On authenticity, travel and Crepe Ginger

Authentic. Soulful. 

Like an increasing number of people, I am the kind of traveler who seeks to experience travel, and sometimes life itself, through the prism of these two descriptors. 

Not for me the crowded streets of Las Ramblas or the crab curry at Newton Circus. 

No. I want something that touches the soul. I want something authentic. 


If you think about it though, these words approach the act of travel and of experience through two different perspectives. Soulful individualises the perspective. Makes it about you as a person and what it is in the world, or in a moment, that animates the part of you that lies numb and deadened by bright screens and dull conversations. 


Authentic on the other hand usually represents a collective judgement. Is this rooted in time and place? Moored to history and culture? Grounded in blood and soil? Or is it pastiche? Created for our vacuous entertainment, the flotsam and jetsam of consumerism? And so we seek the authentic with the help of experts and arbiters of authenticity, the experts and the gurus, the experience companies and the packaged food walks and Dharavi tours, eventually becoming just another part of the hydra headed beast that is the global travel industry. 


I have always felt there is a different kind of authenticity I sought but I didn’t know what exactly it was. I knew how it made me feel. But every time I tried to crystallise my thoughts and express them in words, I failed. The words, or even structured thought, remained elusive, fleeting drops of rain on the parched earth of my imagination. 



Then last week, on a holiday in a home called Crepe Ginger at Chikmagalur it all came to me. I realised that the word authentic meant something very different to me, something very literal. The word authentic has a few different meanings in the dictionary. And while there are examples across the world of how it is always a third party that decides what is “authentic”, it is this very literal meaning of the word that resonated with me.. “representing one’s true nature or beliefs; true to oneself or to the person identified”.


Chikmagalur is coffee country in Karnataka heartland. The classic Chikmagalur experience is a home stay in an estate of many, many acres surrounded by lush coffee and pepper plantations, owned by people who have been in the coffee growing business for generations. The food is homely and local. Robust nati chicken curries and lots of rice and Kori rottis. 



Crepe Ginger sits on just three acres of land without a coffee or pepper plant in sight. Its owners are Tamil and Manipuri, and only bought the land six years ago. They have no historical association to the place or memories of it.
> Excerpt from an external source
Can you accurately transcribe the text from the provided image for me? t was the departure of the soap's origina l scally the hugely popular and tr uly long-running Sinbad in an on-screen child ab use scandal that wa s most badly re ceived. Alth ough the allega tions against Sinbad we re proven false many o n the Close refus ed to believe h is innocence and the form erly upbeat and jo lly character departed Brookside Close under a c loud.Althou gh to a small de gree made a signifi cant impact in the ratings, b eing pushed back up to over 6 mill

It was just overgrown wilderness in a village. The food can range from Naga inspired chutneys to butter chicken. For dessert their fourteen year old daughter often showcased her baking skills along with some Arun ice cream. The Athangudi tiles on the floor are from Tamil Nadu. By every traditional yardstick in the travel industry, it was spectacularly inauthentic. 

And yet, despite numerous visits to Chikmagalur and my insatiable need for authenticity, this felt like the truest and most memorable holiday I have ever had in that region. Suba and Samar, the owners, built the home from scratch. They help clear every bush, plant every tree. They chose every brick and tile. They insisted on using only local workers. They lived on the property in the middle of the village and when the storms lashed at the fragile edifice on a dark night, Suba spent the night on a floor in the hut of the ageless ajji-ma who lives in the next plot of land. She got over her fear of snakes, even the cobras that sometimes basked lazily in the sun. And when it was built, the villagers all came to feast carrying little gifts from their homes and their farms and their trees, but most of all bearing the gifts of warmth and acceptance and inclusion. 



A visit to Crepe Ginger may not have the Chikmagalur coffee experience. But it has a little stream where you can sit with your feet in the water, reading a book, looking up occasionally to see the butterflies fluttering in the breeze. You see Ajji-ma walk across the open gate and into the kitchen where she sits and shares stories with Suba and her staff while grinning her toothless, wrinkled, sparking smile. You sit over a bonfire and realise that Suba is either a mad woman or an inspiration, and maybe you need a bit of madness in you to be inspired enough to live a life less ordinary. You sit and you plan your meals and you realise that over a week you’ve experienced the local food and the local dishes and the local produce, but you’ve also seen them transformed into other dishes, comforting or creative, or sometimes both, like the raw cabbage and oranges and a bit of lime and some Naga chilli we had as a salad for lunch one day. You sit and see the sun go down over the Tunga river or the large moon light up the garden and the world seems to slow down and you breathe easily and sleep better. And you suddenly realise that though you’ve been there over a week, you don’t really want to go back. You realise that we don’t really want all the things we think we do and that we fill our lives with. That life is simpler than we make it. And more beautiful. 


Somehow, you feel free of the noise and clutter and suddenly you see things with crystalline clarity, and you feel grateful because everything feels real. Everything feels authentic.